Разговор о трупе, посаженном в саду, отсылает читателя к первым строкам поэмы, где герой также отождествляется с богом растительности. Мотив возрождения-в-смерть, который возникает в начале “Погребения мертвого”, в конце главы фокусируется в метафорическом образе трупа. “Снег забвения”(forgetful snow)-метафорический эмотивно-оценочный эпитет, вводящий в первом эпизоде мотив смерти, трансформируется в финале в “нежданый мороз”(sudden frost). Параллелизм эпизодов, подчеркнутый общностью образов и мотивов, дает мне основание заключить, что первая часть поэмы обладает четкой симметрической композицией. Соответственно финальная сцена первой части не требует допольнительного комментария.

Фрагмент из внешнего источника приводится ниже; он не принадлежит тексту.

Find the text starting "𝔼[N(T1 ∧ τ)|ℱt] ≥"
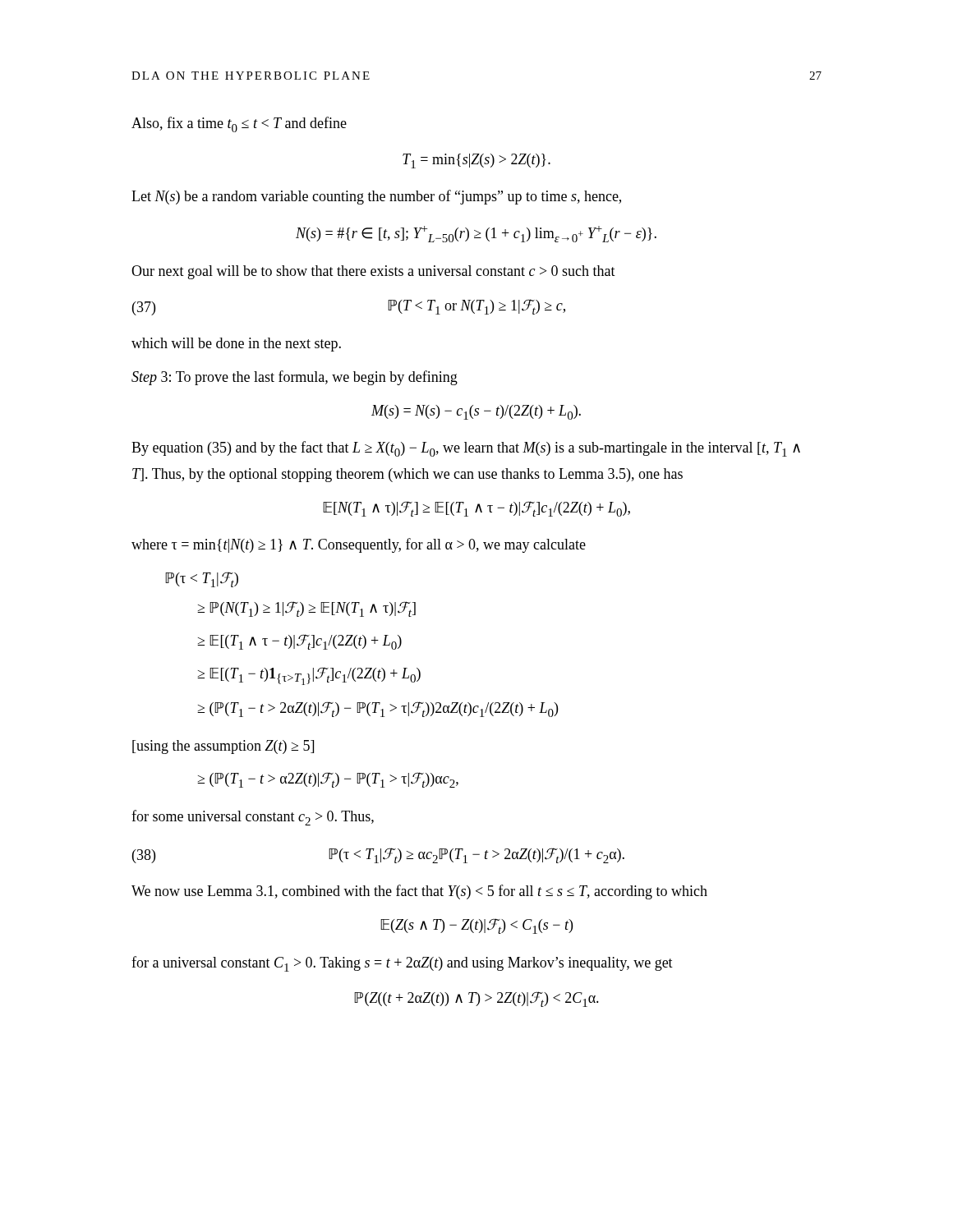click(x=476, y=509)

Доминирующие в отрывке метафорические образы усиливают ощущение погружения повествователя в сферу небытия, точнее, в мир, где нет четкого различия между жизнью и смертью. Зима, время упадка духа, время сна и смерти, заставляет читателя соотнести данный эпизод с началом поэмы, где речь идет о летаргическом сне, обозначающем тему смерть-в-жизни: «Winter kept us warm, covering/Earth in forgetful snow ».

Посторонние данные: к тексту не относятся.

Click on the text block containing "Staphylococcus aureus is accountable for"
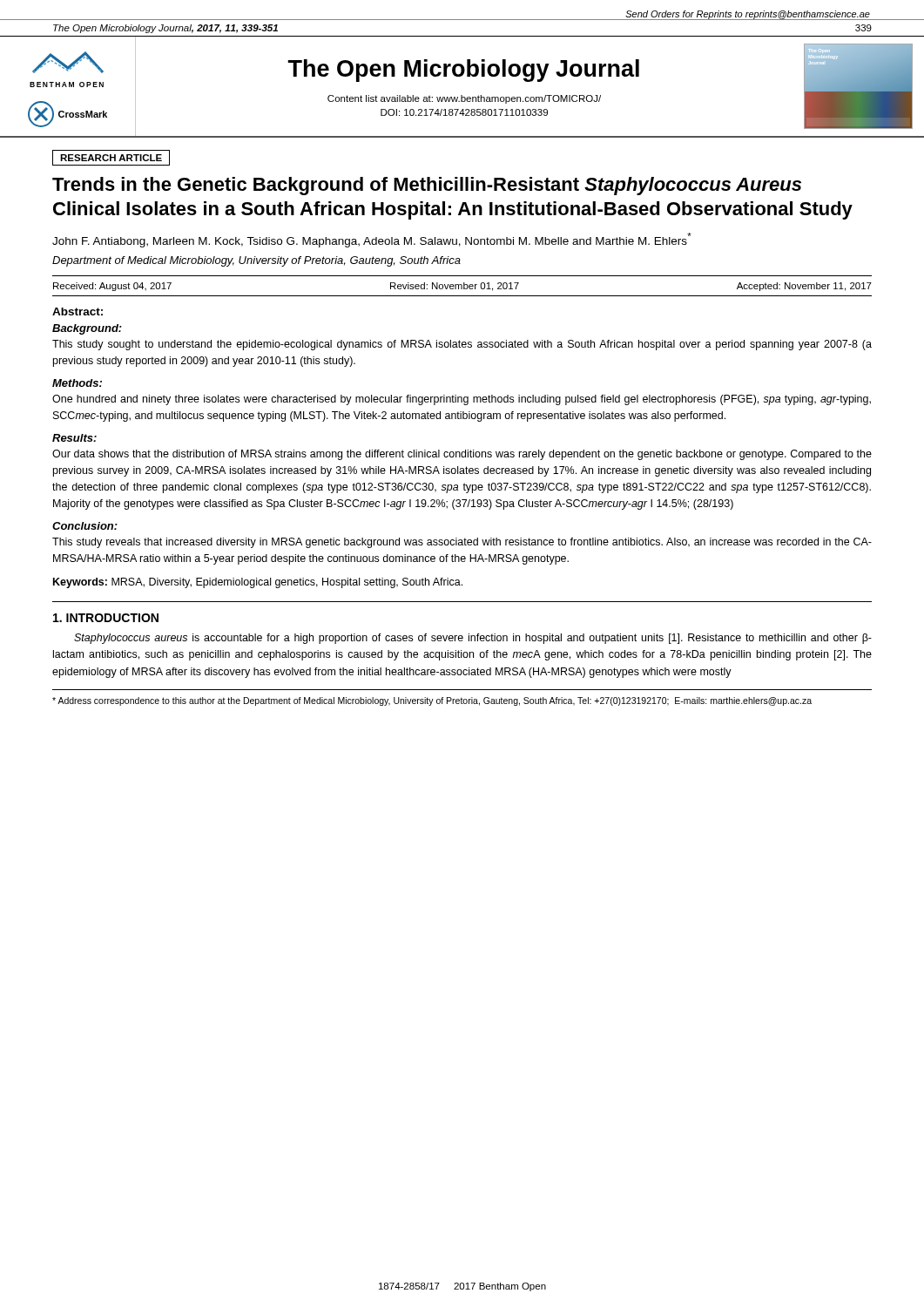 pos(462,654)

Поэма состоит из пяти частей разной длины, между которыми существует глубокая внутренняя связь, однако почувствовать ее при первом прочтении почти невозможно. Поэма строится по методу «свободной ассоциации», четко очерченных персонажей в ней нет, персонажи мелькают как в калейдоскопе. Бессюжетность поэмы позволяет им беспрестанно менять свой облик. Как известно, персонажи мифов способны перевоплощаться, персонажи Элиота также легко трансформируются один в другой.

Десятки исследований на Западе посвящены извлечению скрытого смысла каждого перевоплощения, каждого намека, многие из которых, в свою очередь, отличаются крайним субъективизмом и туманностью. Символика поэмы подчас с трудом поддается расшифровке. Элиот «прояснил» некоторые из символов, но существование авторского комментария к поэме уже само по себе предупреждает о ее сложности и недоступности. За многими образами поэмы - определенные авторы, литературные произведения, персонажи. Отголоски чужих идей и настроений, ассоциаций, которые возникают у тех кто с ними знаком играют важную роль в процессе восприятия поэмы и в решении ее замысла. Особенно часто Элиот обращается к Данте, Шекспиру, «елизаветинцам», Бодлеру.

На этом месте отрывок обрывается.